Na volta do interior, o silêncio no carro
tinha peso de ferro.
O asfalto se estendia reto, sem curvas, sem
surpresas.
Ele olhava adiante, mas não via.
A filha, no banco de trás, deitada no colo da
mãe, fingia cochilar para escapar das discussões e da agressividade que tantas
vezes transbordavam daquele carro.
A família da mãe gostava dele – saíam para
pescar, bebiam juntos, muita cerveja gelada na sombra da varanda. Lá, ele era
outro homem: ria alto, abraçava, contava histórias.
Na estrada, não bebia. Esse era o código: o
volante era dele, a cerveja, só depois. Mas, mesmo sóbrio, parecia que a
ressaca vinha de dentro, como se vivesse permanentemente embriagado de si
mesmo. Olhos cansados, boca sempre pronta a reclamar e soltar frases que feriam.
- Você nunca... – começou, virando-se meio
corpo para trás durante mais uma discussão.

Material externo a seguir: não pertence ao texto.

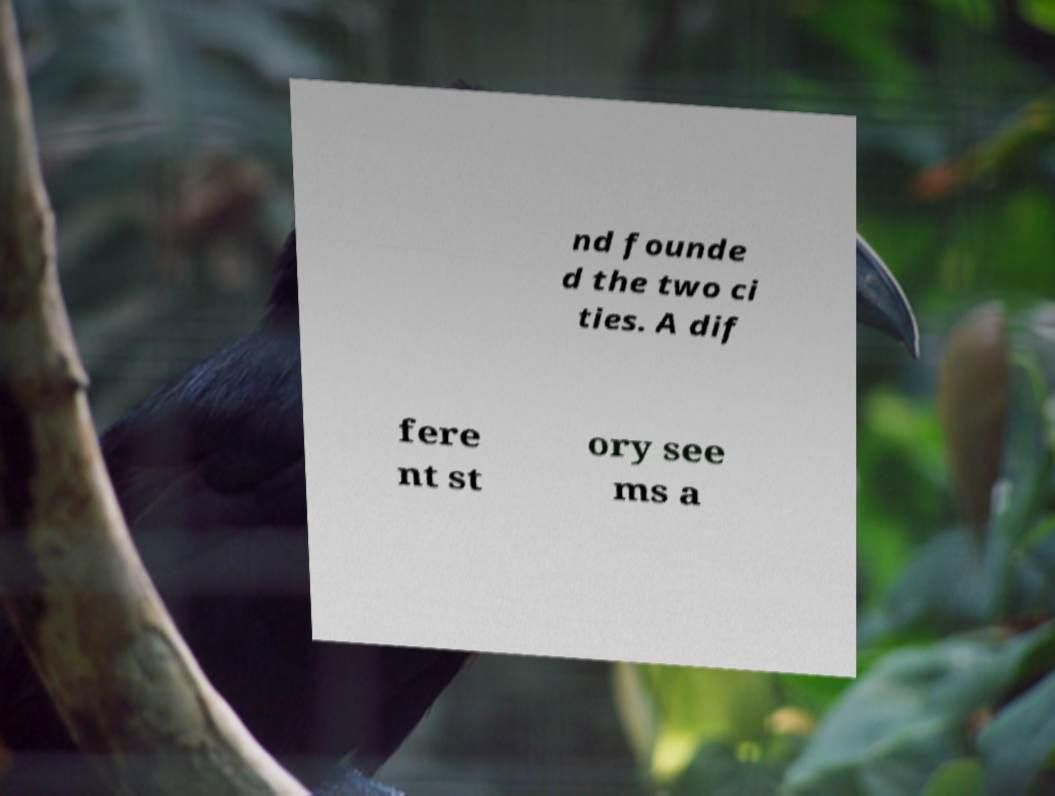I need the written content from this picture converted into text. Can you do that? nd founde d the two ci ties. A dif fere nt st ory see ms a 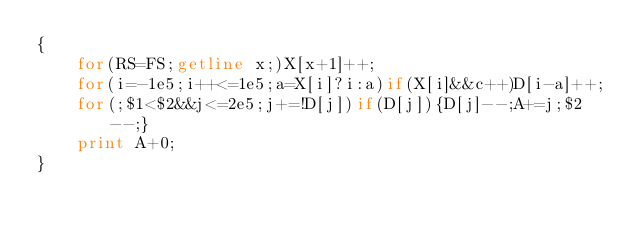Convert code to text. <code><loc_0><loc_0><loc_500><loc_500><_Awk_>{
    for(RS=FS;getline x;)X[x+1]++;
    for(i=-1e5;i++<=1e5;a=X[i]?i:a)if(X[i]&&c++)D[i-a]++;
    for(;$1<$2&&j<=2e5;j+=!D[j])if(D[j]){D[j]--;A+=j;$2--;}
    print A+0;
}</code> 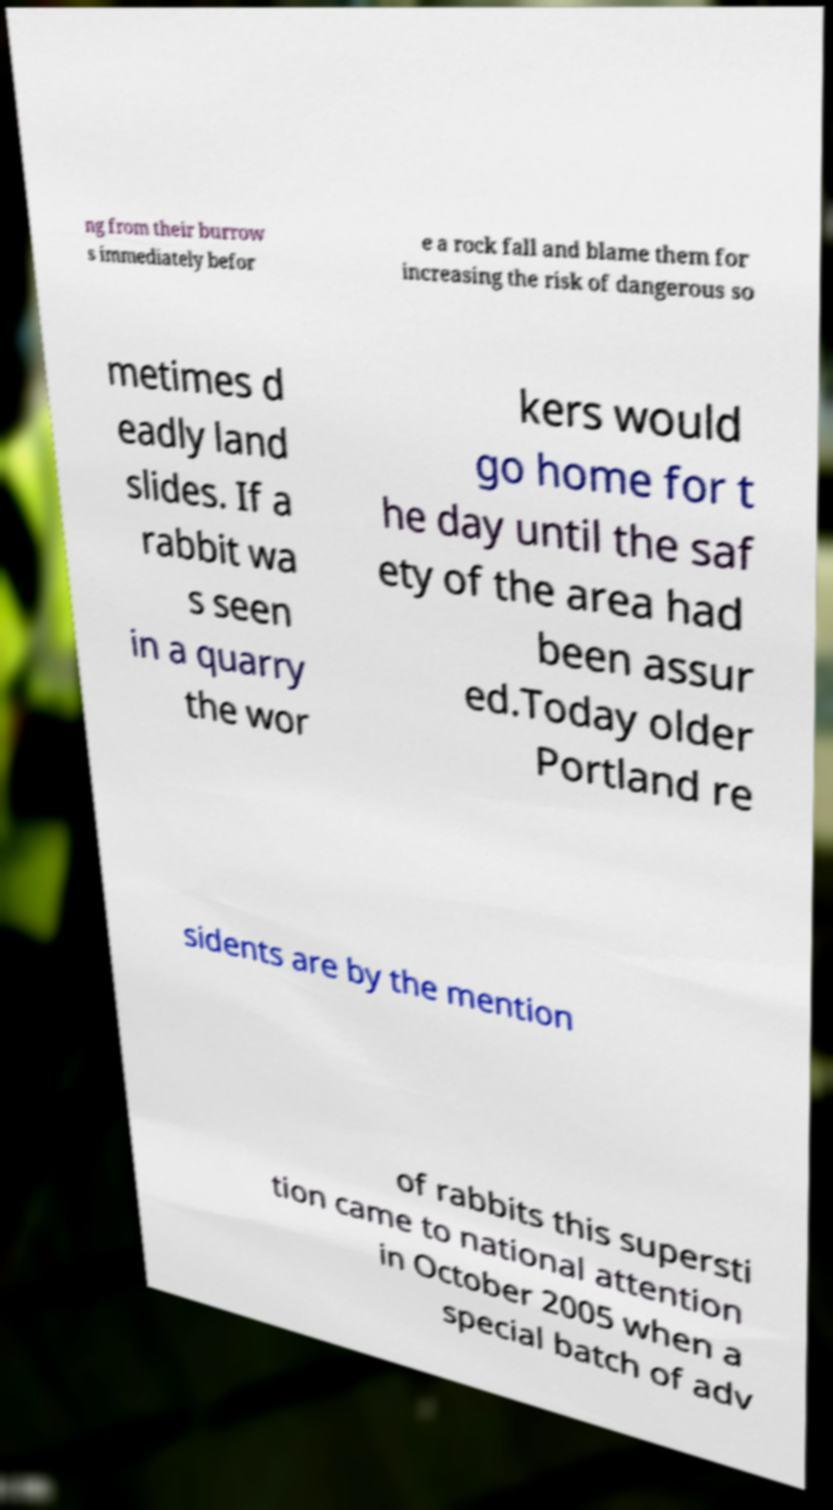I need the written content from this picture converted into text. Can you do that? ng from their burrow s immediately befor e a rock fall and blame them for increasing the risk of dangerous so metimes d eadly land slides. If a rabbit wa s seen in a quarry the wor kers would go home for t he day until the saf ety of the area had been assur ed.Today older Portland re sidents are by the mention of rabbits this supersti tion came to national attention in October 2005 when a special batch of adv 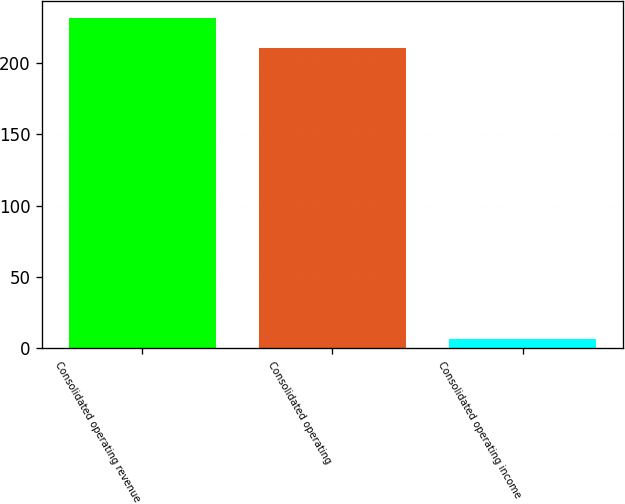Convert chart. <chart><loc_0><loc_0><loc_500><loc_500><bar_chart><fcel>Consolidated operating revenue<fcel>Consolidated operating<fcel>Consolidated operating income<nl><fcel>231.77<fcel>210.7<fcel>6.6<nl></chart> 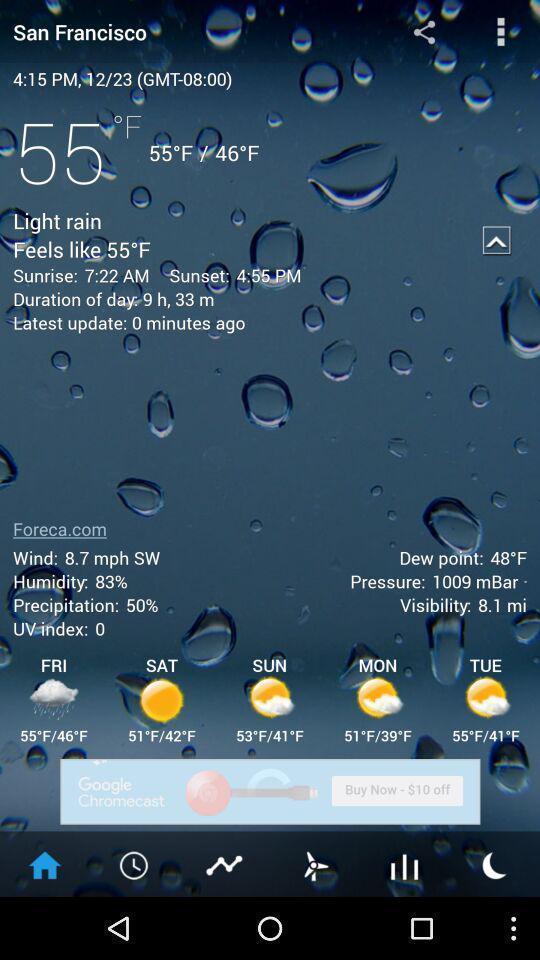Explain the elements present in this screenshot. Page showing weather conditions on app. 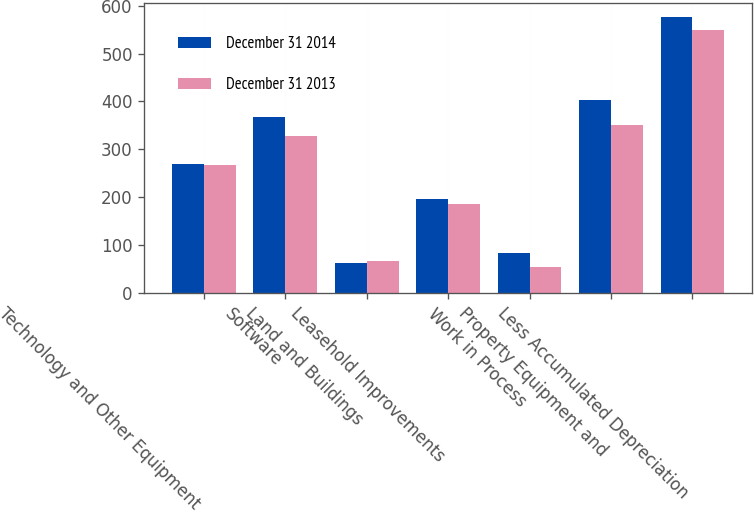<chart> <loc_0><loc_0><loc_500><loc_500><stacked_bar_chart><ecel><fcel>Technology and Other Equipment<fcel>Software<fcel>Land and Buildings<fcel>Leasehold Improvements<fcel>Work in Process<fcel>Property Equipment and<fcel>Less Accumulated Depreciation<nl><fcel>December 31 2014<fcel>268.9<fcel>368.3<fcel>62.3<fcel>196.1<fcel>84<fcel>402.6<fcel>577<nl><fcel>December 31 2013<fcel>266.5<fcel>327.8<fcel>65.8<fcel>185.7<fcel>54.4<fcel>350.8<fcel>549.4<nl></chart> 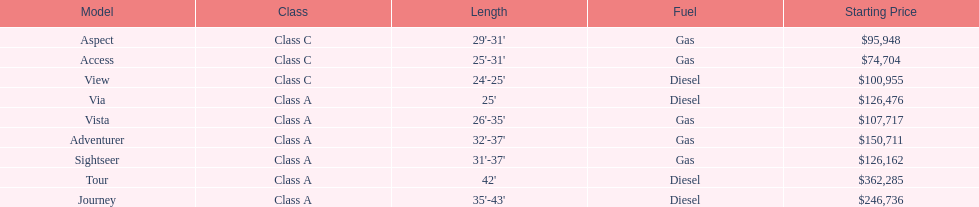Does the tour take diesel or gas? Diesel.

Não houve tempo para terminar a frase. Um
caminhão surgiu à frente – talvez ele tenha invadido a pista, talvez fosse o
outro na contramão. Ninguém soube dizer. Não havia marcas de frenagem, não
havia curva, não havia testemunhas.
Quando abriram os olhos no hospital, a mãe
tinha cortes e hematomas. A filha perdera um rim. Ele, quase degolado, morrera
no local do acidente.
Algum tempo depois, o álbum de fotos que ele
tanto procurara, com retratos da infância e adolescência, reapareceu como se
tivesse saído de um esconderijo. Talvez o sumiço fosse apenas mais um gesto de
rancor da esposa pelo marido alcoólatra e violento.
Com sua morte, o álbum foi entregue a uma
cunhada, pois nem a filha nem a viúva queriam guardar lembranças daquele homem cruel e tóxico que transformara
em inferno a vida das duas.
Pouco depois, tatuagens começaram a surgir
nos braços da moça. Algumas belas, outras sombrias. “São lembranças”, disse a
um primo. E calou, guardando para si o que as tatuagens não conseguiam apagar.
Na família dele, ainda se diz: “Era um ótimo
pai, só bebia demais.” E ninguém discute se o motivo do acidente foi
distração, impulso ou escolha. Eu acredito em escolha.